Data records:
-*-*-
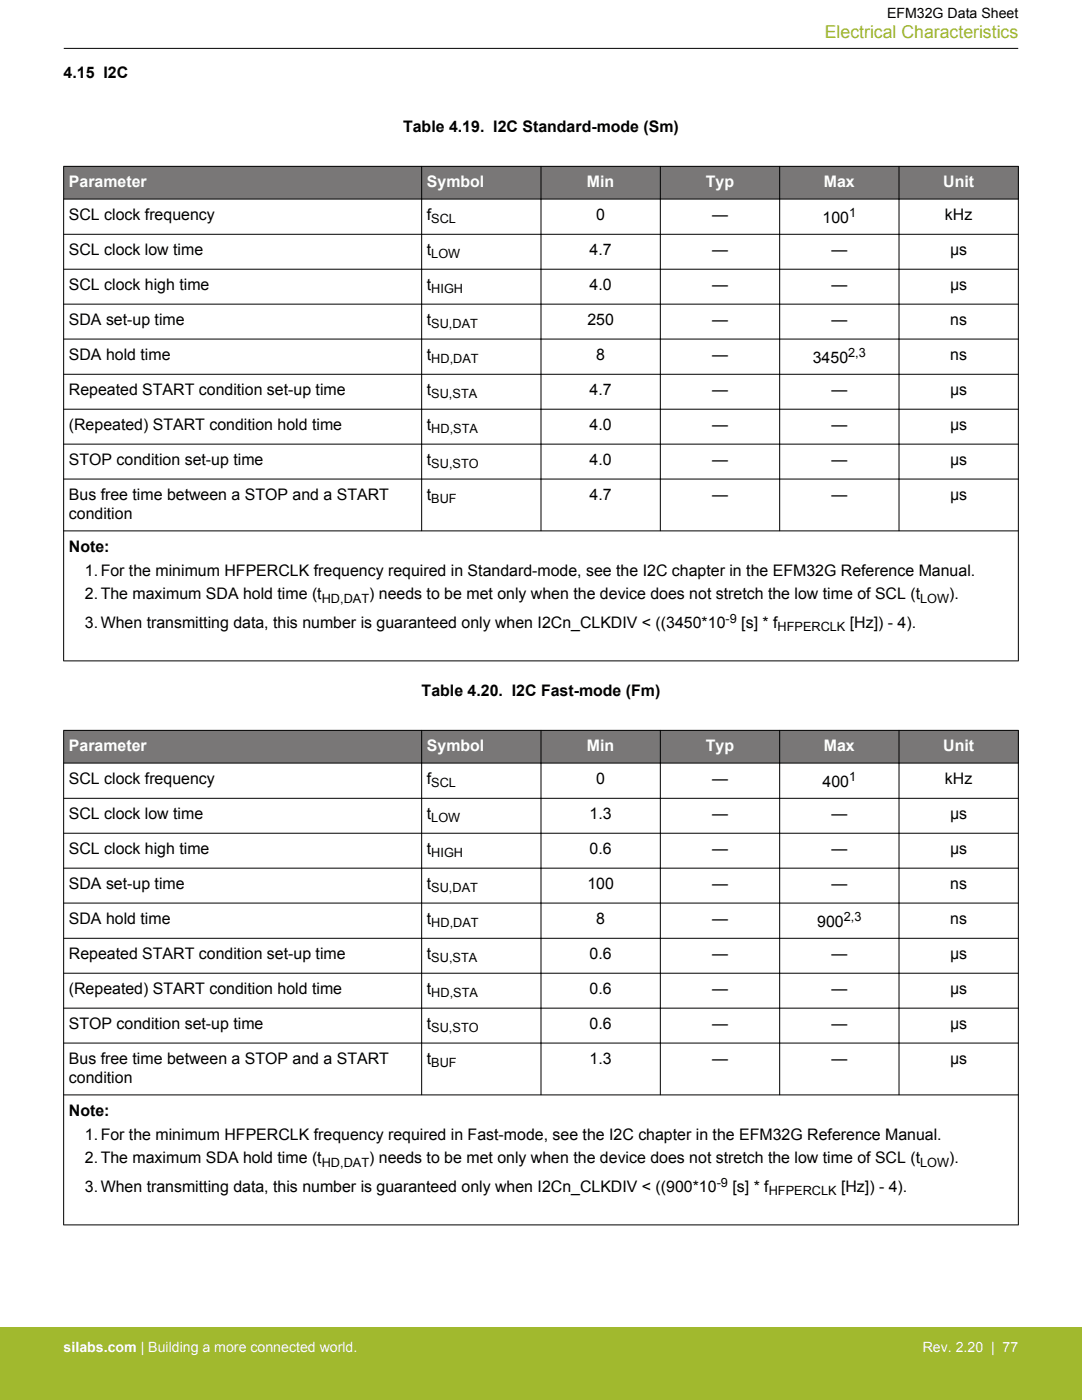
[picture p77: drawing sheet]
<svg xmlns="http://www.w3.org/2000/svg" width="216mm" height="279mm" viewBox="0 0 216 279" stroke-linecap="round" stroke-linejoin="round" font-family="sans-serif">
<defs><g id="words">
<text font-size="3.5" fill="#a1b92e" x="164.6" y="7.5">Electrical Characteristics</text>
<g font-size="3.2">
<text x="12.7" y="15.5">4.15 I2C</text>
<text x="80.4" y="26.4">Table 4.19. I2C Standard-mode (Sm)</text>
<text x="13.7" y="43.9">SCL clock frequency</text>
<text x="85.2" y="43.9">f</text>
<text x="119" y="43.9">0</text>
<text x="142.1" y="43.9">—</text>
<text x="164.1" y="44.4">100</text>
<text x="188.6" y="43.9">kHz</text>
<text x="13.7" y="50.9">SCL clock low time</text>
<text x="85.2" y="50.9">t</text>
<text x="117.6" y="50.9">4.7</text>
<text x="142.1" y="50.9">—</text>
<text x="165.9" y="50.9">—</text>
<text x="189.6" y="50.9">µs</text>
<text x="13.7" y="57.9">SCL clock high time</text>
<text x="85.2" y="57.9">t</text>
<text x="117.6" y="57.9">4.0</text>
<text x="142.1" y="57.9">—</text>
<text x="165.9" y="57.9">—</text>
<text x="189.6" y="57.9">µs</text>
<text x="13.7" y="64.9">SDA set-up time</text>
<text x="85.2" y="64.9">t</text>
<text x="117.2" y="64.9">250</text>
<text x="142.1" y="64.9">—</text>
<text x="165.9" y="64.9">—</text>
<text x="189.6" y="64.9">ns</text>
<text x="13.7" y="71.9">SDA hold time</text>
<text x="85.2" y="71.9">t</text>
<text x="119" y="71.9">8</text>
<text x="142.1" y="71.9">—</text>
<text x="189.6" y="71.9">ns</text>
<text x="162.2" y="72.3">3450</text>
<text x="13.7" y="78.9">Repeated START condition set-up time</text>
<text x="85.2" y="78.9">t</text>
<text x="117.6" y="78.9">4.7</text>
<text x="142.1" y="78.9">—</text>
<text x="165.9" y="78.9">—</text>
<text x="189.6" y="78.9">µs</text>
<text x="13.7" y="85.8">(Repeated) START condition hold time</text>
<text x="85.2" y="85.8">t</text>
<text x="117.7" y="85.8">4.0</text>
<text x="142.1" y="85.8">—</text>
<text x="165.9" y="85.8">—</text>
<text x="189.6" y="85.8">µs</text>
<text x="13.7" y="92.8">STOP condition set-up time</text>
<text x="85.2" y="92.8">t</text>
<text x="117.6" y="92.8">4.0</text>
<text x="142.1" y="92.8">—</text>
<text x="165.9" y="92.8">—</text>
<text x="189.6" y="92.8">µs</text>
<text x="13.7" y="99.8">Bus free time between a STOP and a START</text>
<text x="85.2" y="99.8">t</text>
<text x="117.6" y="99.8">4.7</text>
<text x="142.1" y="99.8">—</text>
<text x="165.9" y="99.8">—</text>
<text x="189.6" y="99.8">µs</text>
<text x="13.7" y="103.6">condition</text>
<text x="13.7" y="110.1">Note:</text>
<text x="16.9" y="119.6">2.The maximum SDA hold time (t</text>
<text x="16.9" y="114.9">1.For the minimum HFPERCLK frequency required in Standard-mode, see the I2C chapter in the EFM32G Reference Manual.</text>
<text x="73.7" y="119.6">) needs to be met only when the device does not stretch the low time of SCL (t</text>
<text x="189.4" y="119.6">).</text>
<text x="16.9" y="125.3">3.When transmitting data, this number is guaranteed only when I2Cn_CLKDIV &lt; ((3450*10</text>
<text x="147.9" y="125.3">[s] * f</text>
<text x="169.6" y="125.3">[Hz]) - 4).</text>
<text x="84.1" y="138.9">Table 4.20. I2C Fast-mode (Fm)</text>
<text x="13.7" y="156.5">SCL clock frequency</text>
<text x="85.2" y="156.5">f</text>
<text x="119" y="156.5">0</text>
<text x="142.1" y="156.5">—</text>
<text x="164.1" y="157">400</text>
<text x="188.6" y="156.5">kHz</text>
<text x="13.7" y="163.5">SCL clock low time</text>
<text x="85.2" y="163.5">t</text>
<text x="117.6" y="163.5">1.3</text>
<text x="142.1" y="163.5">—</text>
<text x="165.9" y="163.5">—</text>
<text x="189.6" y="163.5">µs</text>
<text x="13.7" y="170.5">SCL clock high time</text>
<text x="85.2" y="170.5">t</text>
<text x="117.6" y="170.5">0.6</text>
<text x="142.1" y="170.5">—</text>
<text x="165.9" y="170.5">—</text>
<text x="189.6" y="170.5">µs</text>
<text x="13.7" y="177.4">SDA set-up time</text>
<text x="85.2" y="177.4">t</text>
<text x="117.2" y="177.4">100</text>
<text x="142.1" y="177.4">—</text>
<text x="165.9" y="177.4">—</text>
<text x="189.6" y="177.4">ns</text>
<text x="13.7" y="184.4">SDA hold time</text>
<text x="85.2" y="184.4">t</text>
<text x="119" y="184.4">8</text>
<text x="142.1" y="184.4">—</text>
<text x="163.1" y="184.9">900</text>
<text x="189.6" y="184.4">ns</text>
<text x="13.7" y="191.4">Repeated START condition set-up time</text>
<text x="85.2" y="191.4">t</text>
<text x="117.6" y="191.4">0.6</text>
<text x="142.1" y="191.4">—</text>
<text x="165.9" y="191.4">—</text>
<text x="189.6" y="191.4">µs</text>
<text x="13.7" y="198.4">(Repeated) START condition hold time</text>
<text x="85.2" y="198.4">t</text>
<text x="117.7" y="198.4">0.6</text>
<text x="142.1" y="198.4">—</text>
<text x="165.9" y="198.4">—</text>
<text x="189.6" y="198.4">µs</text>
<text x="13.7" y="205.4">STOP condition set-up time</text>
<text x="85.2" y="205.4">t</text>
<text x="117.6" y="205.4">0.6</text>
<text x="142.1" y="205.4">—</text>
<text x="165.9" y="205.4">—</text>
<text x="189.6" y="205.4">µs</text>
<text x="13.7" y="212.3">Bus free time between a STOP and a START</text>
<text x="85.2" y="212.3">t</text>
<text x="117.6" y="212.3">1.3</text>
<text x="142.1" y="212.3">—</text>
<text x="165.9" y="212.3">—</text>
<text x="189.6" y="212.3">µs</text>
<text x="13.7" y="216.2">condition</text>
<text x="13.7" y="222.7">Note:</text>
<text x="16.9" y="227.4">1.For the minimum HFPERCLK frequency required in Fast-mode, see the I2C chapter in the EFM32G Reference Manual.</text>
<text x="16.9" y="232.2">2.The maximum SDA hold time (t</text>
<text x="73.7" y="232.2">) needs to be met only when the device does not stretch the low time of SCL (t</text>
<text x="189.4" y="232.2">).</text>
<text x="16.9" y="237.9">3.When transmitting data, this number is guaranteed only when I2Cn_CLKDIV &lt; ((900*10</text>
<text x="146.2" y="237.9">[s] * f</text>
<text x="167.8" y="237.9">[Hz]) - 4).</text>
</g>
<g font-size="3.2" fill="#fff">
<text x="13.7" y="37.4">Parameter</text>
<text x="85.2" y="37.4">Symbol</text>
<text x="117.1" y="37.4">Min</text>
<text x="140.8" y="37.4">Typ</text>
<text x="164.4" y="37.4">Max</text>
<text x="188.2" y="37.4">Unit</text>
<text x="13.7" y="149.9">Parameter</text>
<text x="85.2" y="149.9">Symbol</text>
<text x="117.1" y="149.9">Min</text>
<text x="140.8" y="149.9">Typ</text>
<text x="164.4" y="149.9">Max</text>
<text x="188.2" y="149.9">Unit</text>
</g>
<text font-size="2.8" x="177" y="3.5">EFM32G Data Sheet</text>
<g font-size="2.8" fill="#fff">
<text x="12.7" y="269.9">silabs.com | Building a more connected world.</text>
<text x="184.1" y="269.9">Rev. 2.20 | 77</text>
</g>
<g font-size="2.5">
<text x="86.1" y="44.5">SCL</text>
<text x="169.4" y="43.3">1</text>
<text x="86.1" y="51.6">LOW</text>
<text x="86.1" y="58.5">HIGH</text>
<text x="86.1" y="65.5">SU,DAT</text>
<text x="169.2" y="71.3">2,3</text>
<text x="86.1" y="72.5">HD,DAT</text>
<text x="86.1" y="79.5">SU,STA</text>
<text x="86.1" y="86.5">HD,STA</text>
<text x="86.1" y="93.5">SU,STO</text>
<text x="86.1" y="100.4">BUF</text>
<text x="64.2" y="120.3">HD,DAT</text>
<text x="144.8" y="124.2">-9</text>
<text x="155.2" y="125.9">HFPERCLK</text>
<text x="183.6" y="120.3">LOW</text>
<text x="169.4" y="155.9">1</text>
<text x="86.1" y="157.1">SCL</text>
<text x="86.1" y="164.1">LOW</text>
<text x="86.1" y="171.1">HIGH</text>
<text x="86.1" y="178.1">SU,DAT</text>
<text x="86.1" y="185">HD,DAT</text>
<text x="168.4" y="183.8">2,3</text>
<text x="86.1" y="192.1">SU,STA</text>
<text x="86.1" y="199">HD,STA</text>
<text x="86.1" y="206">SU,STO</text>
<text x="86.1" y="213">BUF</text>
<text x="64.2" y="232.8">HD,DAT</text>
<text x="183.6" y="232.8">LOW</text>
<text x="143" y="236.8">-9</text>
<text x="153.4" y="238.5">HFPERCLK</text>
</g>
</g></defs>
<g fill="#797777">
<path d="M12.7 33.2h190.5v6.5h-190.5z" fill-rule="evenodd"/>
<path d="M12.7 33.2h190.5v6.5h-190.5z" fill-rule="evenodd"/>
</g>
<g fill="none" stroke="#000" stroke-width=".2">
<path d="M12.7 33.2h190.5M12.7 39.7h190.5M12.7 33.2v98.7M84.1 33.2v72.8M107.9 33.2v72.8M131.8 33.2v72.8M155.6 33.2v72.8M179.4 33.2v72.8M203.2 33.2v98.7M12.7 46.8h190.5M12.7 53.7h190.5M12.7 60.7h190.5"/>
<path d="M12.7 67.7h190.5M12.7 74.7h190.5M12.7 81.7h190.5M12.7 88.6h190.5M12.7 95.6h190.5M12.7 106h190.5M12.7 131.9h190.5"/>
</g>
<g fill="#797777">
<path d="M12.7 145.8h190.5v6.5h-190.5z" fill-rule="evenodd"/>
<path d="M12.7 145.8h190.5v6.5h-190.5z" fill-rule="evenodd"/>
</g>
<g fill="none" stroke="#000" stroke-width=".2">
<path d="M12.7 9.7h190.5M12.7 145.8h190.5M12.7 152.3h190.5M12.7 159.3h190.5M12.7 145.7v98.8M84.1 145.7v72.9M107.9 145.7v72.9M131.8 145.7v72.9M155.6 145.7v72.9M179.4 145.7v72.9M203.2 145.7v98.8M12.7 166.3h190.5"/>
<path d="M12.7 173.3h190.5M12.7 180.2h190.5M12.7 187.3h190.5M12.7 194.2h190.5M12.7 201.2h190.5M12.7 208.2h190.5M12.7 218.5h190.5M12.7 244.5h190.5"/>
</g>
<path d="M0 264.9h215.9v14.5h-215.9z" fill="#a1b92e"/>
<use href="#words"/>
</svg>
-*-*-
WORK INSTRUCTIONS: In the records above, find every line that contains the word "chapter" and copy it.

EXERCISE RESPONSE:
<text x="16.9" y="114.9">1.For the minimum HFPERCLK frequency required in Standard-mode, see the I2C chapter in the EFM32G Reference Manual.</text>
<text x="16.9" y="227.4">1.For the minimum HFPERCLK frequency required in Fast-mode, see the I2C chapter in the EFM32G Reference Manual.</text>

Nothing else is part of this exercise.